I received the gift of tongues when I was just eight years old. An older woman in our small charismatic church introduced us Friday night Bible study kids to the idea of a “prayer language.” I don't remember how my teacher explained it, only how she gently placed her hands on our heads, one after another, while quietly praying in tongues herself. My mouth filled with syllables I didn't know and didn't understand; I lifted my skinny arms to the ceiling, and I spoke in tongues like a mystic.
I was raised in small charismatic churches in western Canada, long before the Internet made it easy to keep tabs on what other Christians were up to. I grew up believing that our experiences—speaking in tongues and then the interpretation, healing, miracles, prophecy, words of knowledge, and faith—were utterly unremarkable.

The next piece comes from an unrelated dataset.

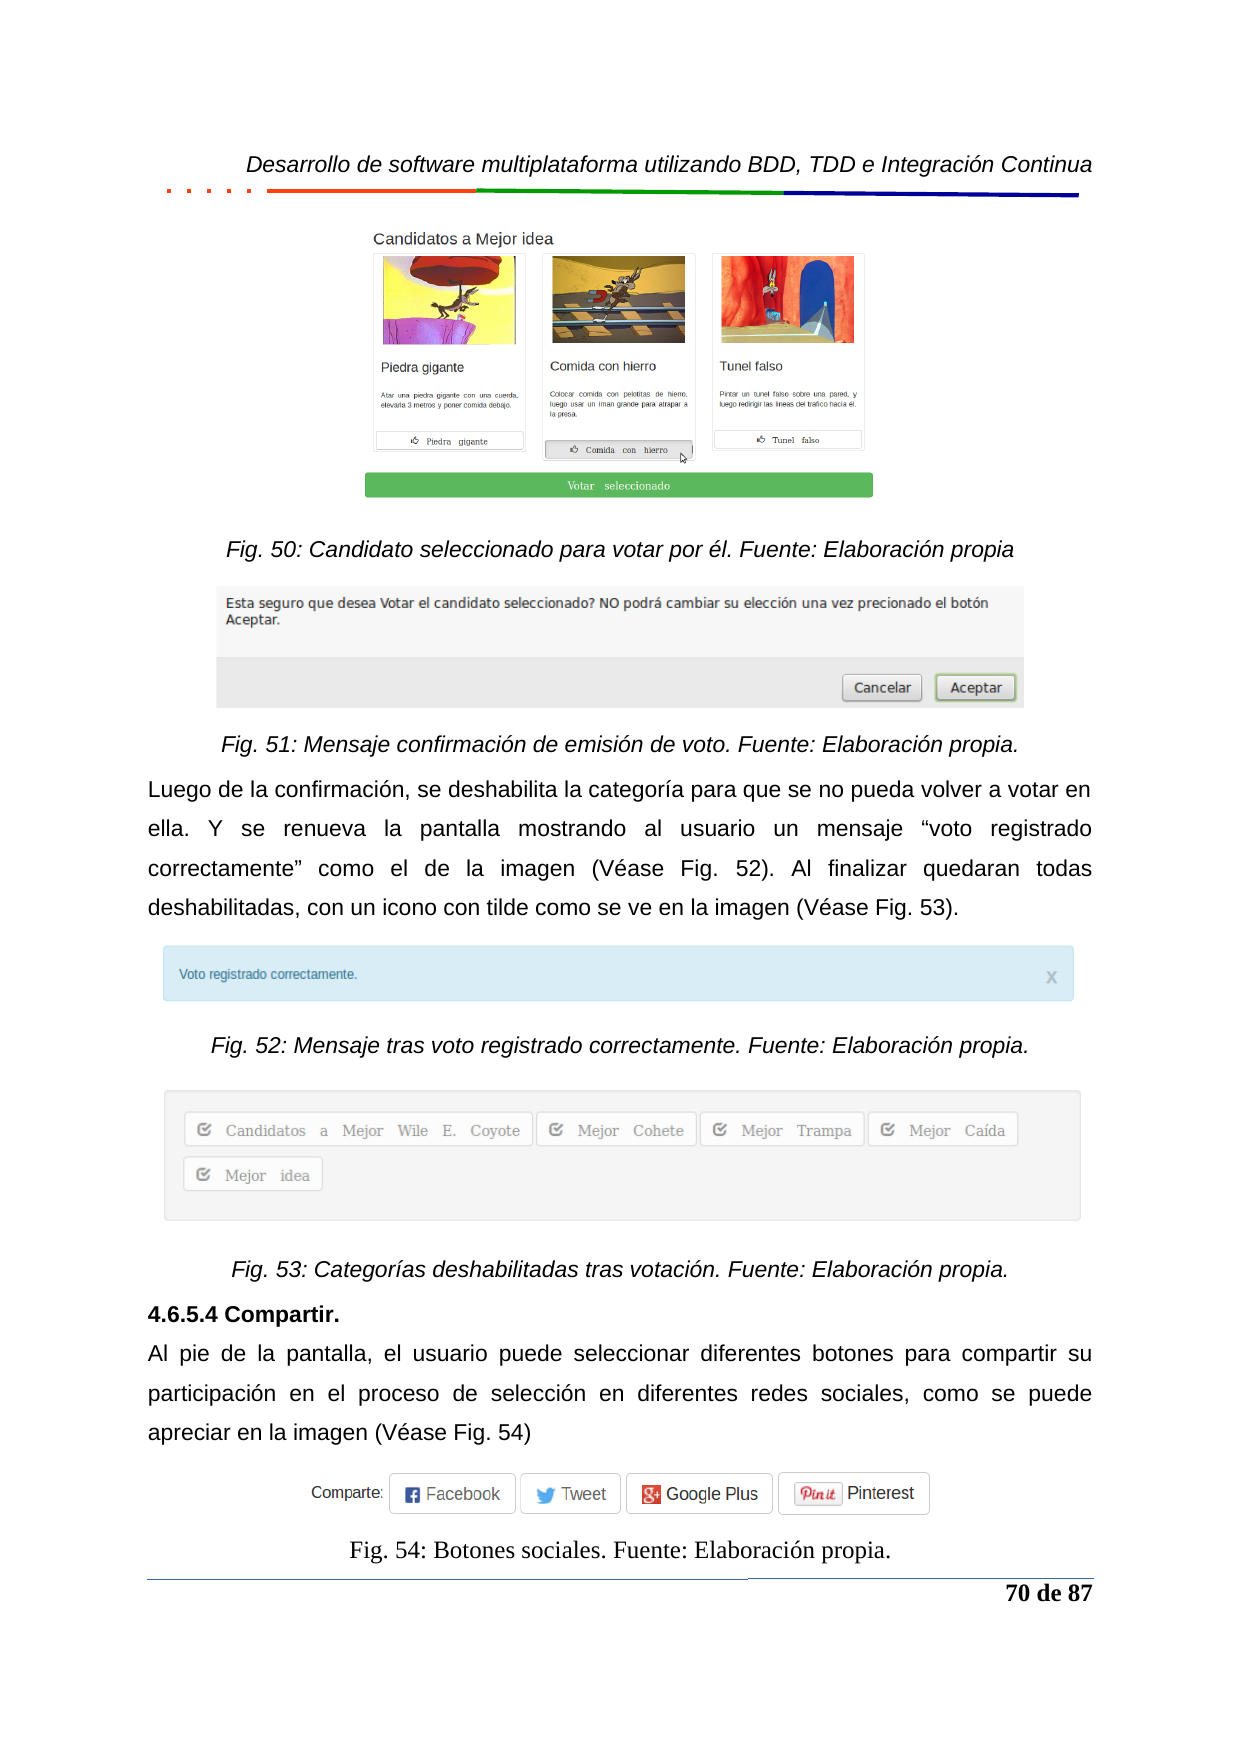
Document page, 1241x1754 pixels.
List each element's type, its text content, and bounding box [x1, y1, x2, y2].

As I look back on my childhood, although the gifts of the Holy Spirit were dear to us and we deeply believed in their practice, the real difference was that we expected God. We wanted the wild and the untamed Spirit to disrupt us. We lived out of an assumption of God's good gifts and overwhelming love. We yearned to see the Kingdom come on earth, right here, as it was or would be in heaven. We figured that was what God wanted, too. Believing power would come from on high to see the lost found and the sick healed and imprisoned set free, our church operated on a first-name basis with the Spirit.
Later, when I began to spend time with other Christians outside of my tradition, I discovered that we were considered fringe. A bit suspect amongst the establishment. People thought charismatics were dangerous, the weird ones, controversial. Who knew?